Video copy Segment Localization (VSL) requires the identification of the temporal segments within a pair of videos that contain copied content. Current methods primarily focus on global temporal modeling, overlooking the complementarity of global semantic and local fine-grained features, which limits their effectiveness. Some related methods attempt to incorporate local spatial information but often disrupt spatial semantic structures, resulting in less accurate matching. To address these issues, we propose the Instance-Enhanced Spatial-Temporal Alignment Framework (iESTA), based on a proper representation granularity that integrates instance-level local features and semantic global features. Specifically, the Instance-relation Graph (IRG) is constructed to capture instance-level features and fine-grained interactions, preserving local information integrity and better representing the video feature space in a proper granularity. An instance-GNN structure is designed to refine these graph representations. For global features, we enhance the representation of semantic information, capturing temporal relationships within videos using a Transformer framework.
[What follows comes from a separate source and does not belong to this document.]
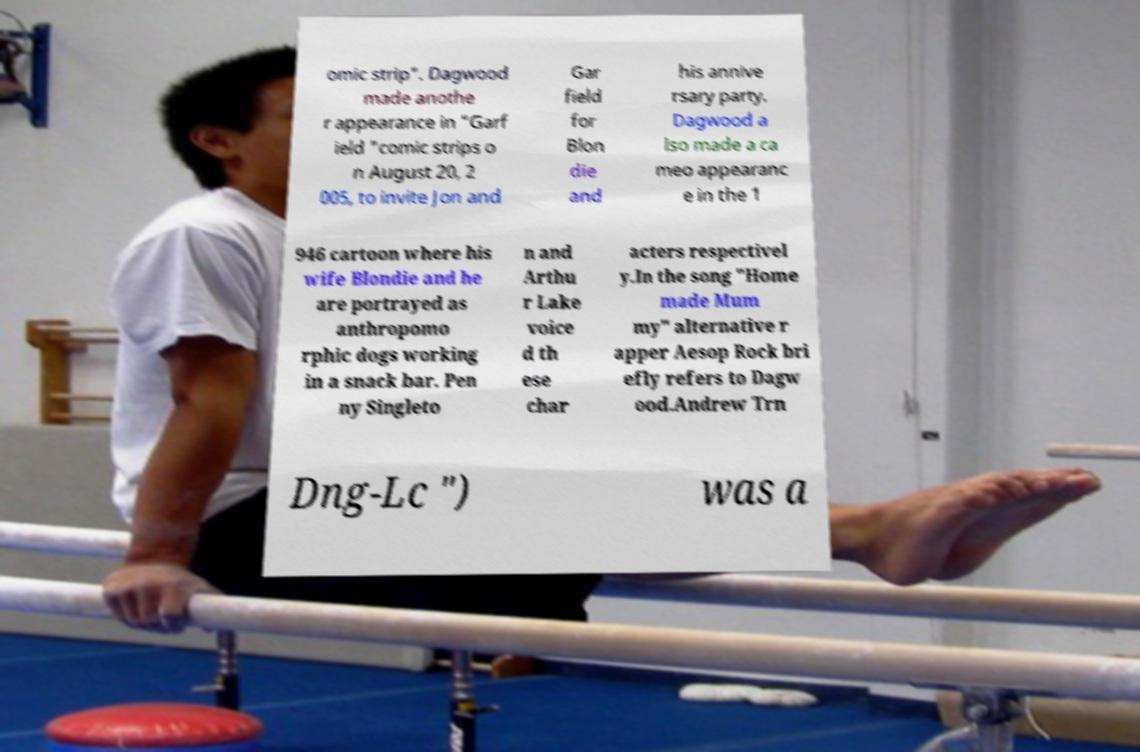Could you assist in decoding the text presented in this image and type it out clearly? omic strip". Dagwood made anothe r appearance in "Garf ield "comic strips o n August 20, 2 005, to invite Jon and Gar field for Blon die and his annive rsary party. Dagwood a lso made a ca meo appearanc e in the 1 946 cartoon where his wife Blondie and he are portrayed as anthropomo rphic dogs working in a snack bar. Pen ny Singleto n and Arthu r Lake voice d th ese char acters respectivel y.In the song "Home made Mum my" alternative r apper Aesop Rock bri efly refers to Dagw ood.Andrew Trn Dng-Lc ") was a

Additionally, we design a Complementarity-perception Alignment Module (CAM) to effectively process and integrate complementary spatial-temporal information, producing accurate frame-to-frame alignment maps. Our approach also incorporates a differentiable Dynamic Time Warping (DTW) method to utilize latent temporal alignments as weak supervisory signals, improving the accuracy of the matching process. Experimental results indicate that our proposed iESTA outperforms state-of-the-art methods on both the small-scale dataset VCDB and the large-scale dataset VCSL.
iESTA:实例增强的时空对齐视频副本定位
视频复制片段定位(VSL)要求在一对包含复制内容的视频中识别时间片段。目前的方法主要关注全局时态建模,忽略了全局语义和局部细粒度特征的互补性,限制了其有效性。一些相关的方法试图结合局部空间信息,但往往破坏空间语义结构,导致匹配精度降低。为了解决这些问题,我们提出了基于适当的表示粒度的实例增强型时空对齐框架(iESTA),该框架集成了实例级局部特征和语义全局特征。具体而言,构建实例关系图(IRG)以捕获实例级特征和细粒度交互,保持局部信息完整性并以适当的粒度更好地表示视频特征空间。设计了一个实例- gnn结构来细化这些图表示。对于全局特征,我们增强了语义信息的表示,使用Transformer框架捕获视频中的时间关系。此外,我们设计了一个互补感知对齐模块(CAM)来有效地处理和整合互补的时空信息,生成精确的帧对帧对齐图。我们的方法还结合了可微分动态时间翘曲(DTW)方法,利用潜在的时间序列作为弱监督信号,提高匹配过程的准确性。实验结果表明,我们提出的iESTA在小规模数据集VCDB和大规模数据集VCSL上都优于目前最先进的方法。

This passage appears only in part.